# Import software libraries and load the dataset

In [1]:
import sys
import numpy as np
import pandas as pd

# Summarize software libraries used.
print('Libraries used in this project:')
print('- Python {}'.format(sys.version))
print('- NumPy {}'.format(np.__version__))
print('- pandas {}'.format(pd.__version__))

# Load the dataset.
stores_df = pd.read_csv('../data/stores_data_full.csv',
                        index_col = 0)
print('\nLoaded dataset.')

Libraries used in this project:
- Python 3.9.7 (default, Sep 16 2021, 16:59:28) [MSC v.1916 64 bit (AMD64)]
- NumPy 1.22.3
- pandas 1.4.3

Loaded dataset.


# Rename some of the columns 

In [2]:
stores_df.columns

Index(['Date', 'City', 'CustomerType', 'Gender', 'ProductLine', 'UnitPrice',
       'Quantity', 'Tax', 'TotalPrice', 'Revenue', 'COGS', 'CustomerRating'],
      dtype='object')

In [None]:
new_cols = {'City': 'Branch', 'Tax': 'TaxPrice'}
stores_df = stores_df.rename(columns = new_cols)
stores_df.head()

# Convert the `Date` column to datetime format

In [None]:
converted_dates = pd.to_datetime(stores_df['Date'])
stores_df['Date'] = converted_dates
stores_df.head()

In [None]:
feb_cond = stores_df['Date'].dt.month_name() == 'February'
stores_df[feb_cond].head()

# Handle missing values

In [None]:
rows = stores_df.isna().any(axis = 1)
cols = stores_df.isna().any()
stores_df.loc[rows, cols]

In [None]:
fill_vals = {'Gender': 'Male', 'TotalPrice': 293.14}
stores_df = stores_df.fillna(fill_vals)
stores_df.loc[rows, cols]

In [None]:
quant_fill = pd.Series([4, 3], index = ['CAR-FBV-054', 'CAR-STR-027'])
stores_df['Quantity'] = stores_df['Quantity'].fillna(quant_fill)
stores_df.loc[rows, cols]

In [None]:
revenue = stores_df['TotalPrice'] - stores_df['TaxPrice']
stores_df['Revenue'] = stores_df['Revenue'].fillna(revenue)
stores_df.loc[rows, cols]

# Use arithmetic to impute missing COGS values

In [None]:
# Average percentage decrease from revenue to COGS.
perc_decr = ((stores_df['Revenue'] - stores_df['COGS']) \
             / (stores_df['Revenue'])).mean()

perc_decr

In [None]:
ind = ['CAR-CLO-015', 'CAR-ELE-060', 'CAR-HBE-025', 'OLI-HML-039']
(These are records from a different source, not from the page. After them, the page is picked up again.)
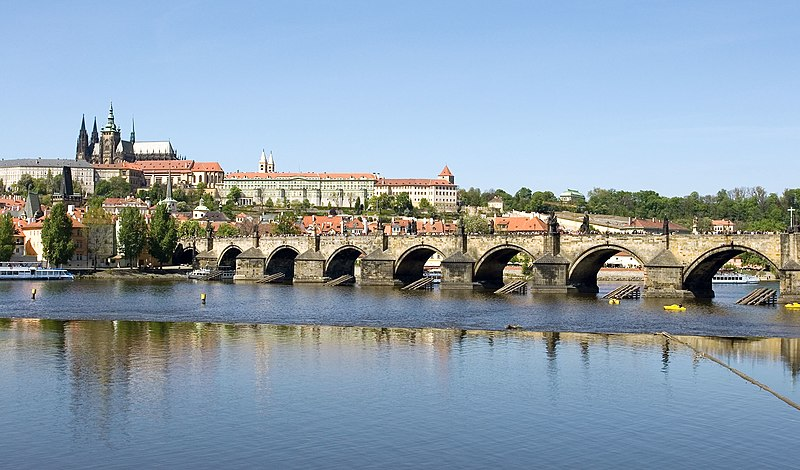Can you describe the main features of this image for me? The image captures the historic Charles Bridge, an iconic structure in Prague, Czech Republic. This stone bridge spans the serene waters of the Vltava River and is famous for its series of statues that line both sides. The photograph is taken from a distance, providing a full view of the bridge and its architectural details. Surrounding the bridge are beautiful buildings showcasing diverse architectural styles and vibrant red and orange rooftops. These buildings are reflected in the calm river below, creating a picturesque scene. Above, the clear blue sky adds to the image's overall tranquility and charm. The image beautifully illustrates Prague's rich history and stunning architecture. 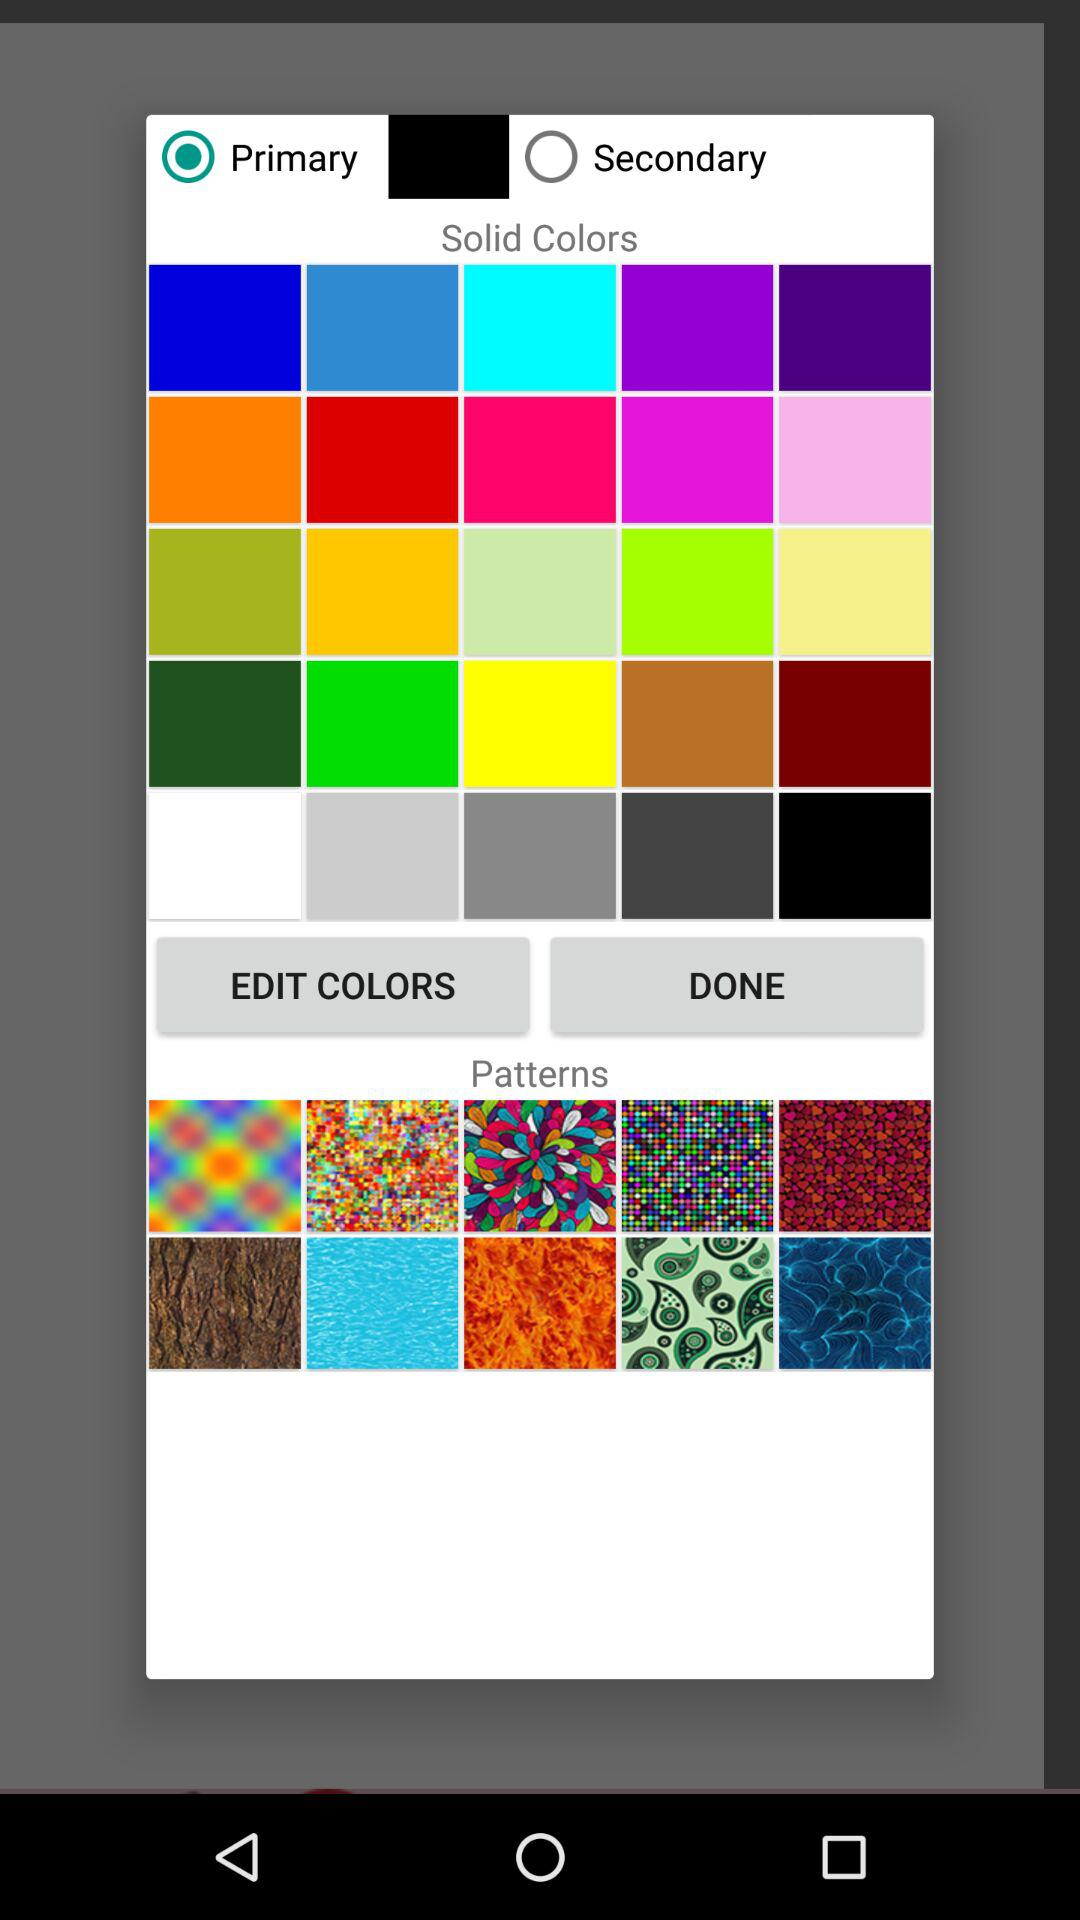What is the status of the "Primary"? The status is "on". 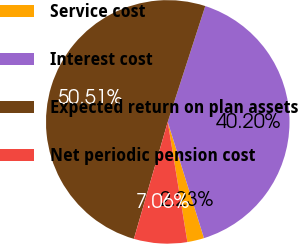Convert chart to OTSL. <chart><loc_0><loc_0><loc_500><loc_500><pie_chart><fcel>Service cost<fcel>Interest cost<fcel>Expected return on plan assets<fcel>Net periodic pension cost<nl><fcel>2.23%<fcel>40.2%<fcel>50.5%<fcel>7.06%<nl></chart> 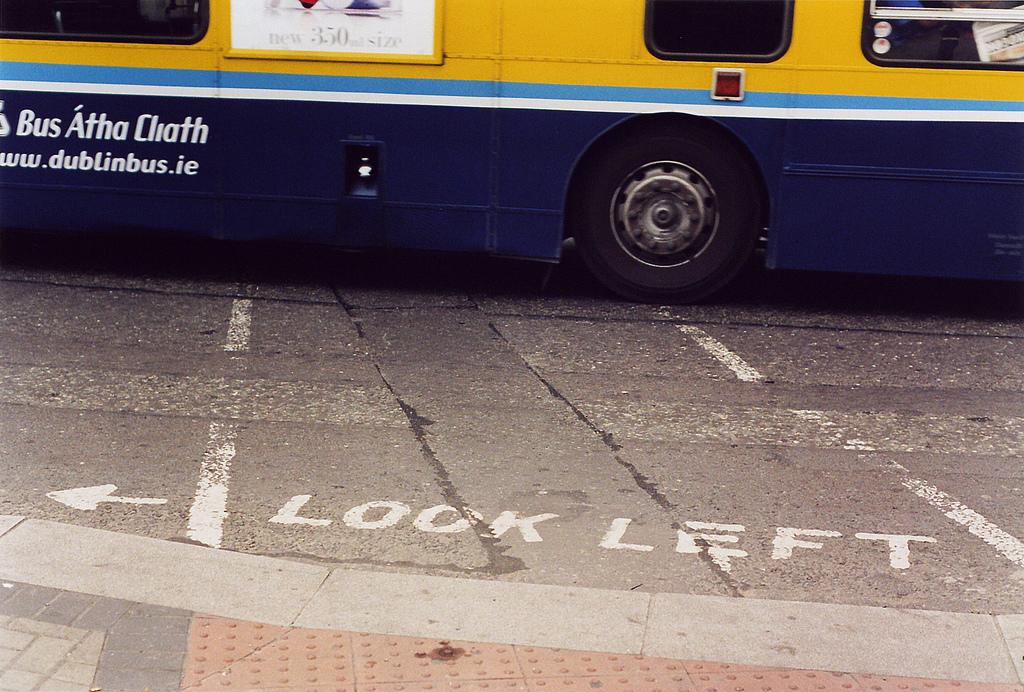What is in the foreground of the image? There is a road in the foreground of the image. What is written on the road? There is text on the road. What can be seen in the background of the image? There is a bus in the background of the image. Where is the bus located in relation to the road? The bus is on the road. What type of windows are visible at the top of the image? There are glass windows visible at the top of the image. How much tax is being paid by the sea in the image? There is no sea present in the image, and therefore no tax can be paid by it. What type of nerve is visible in the image? There are no nerves visible in the image; it features a road, text, a bus, and glass windows.

impute_vals = round(stores_df.loc[ind, 'Revenue'] / (1 + perc_decr), 2)
impute_vals

In [None]:
stores_df['COGS'] = stores_df['COGS'].fillna(impute_vals)
stores_df.loc[rows, cols]

# Create a new gross income column

In [None]:
stores_df['GrossIncome'] = stores_df['Revenue'] - stores_df['COGS']
stores_df.iloc[:10, -8:]

# Identify and drop rows with erroneous quantities

In [None]:
stores_df[stores_df['Quantity'] < 1]

In [None]:
print('Number of rows BEFORE drop: {}.'.format(stores_df.shape[0]))

rows_drop = stores_df[stores_df['Quantity'] < 1].index
stores_df = stores_df.drop(index = rows_drop)

print('Number of rows AFTER drop: {}.'.format(stores_df.shape[0]))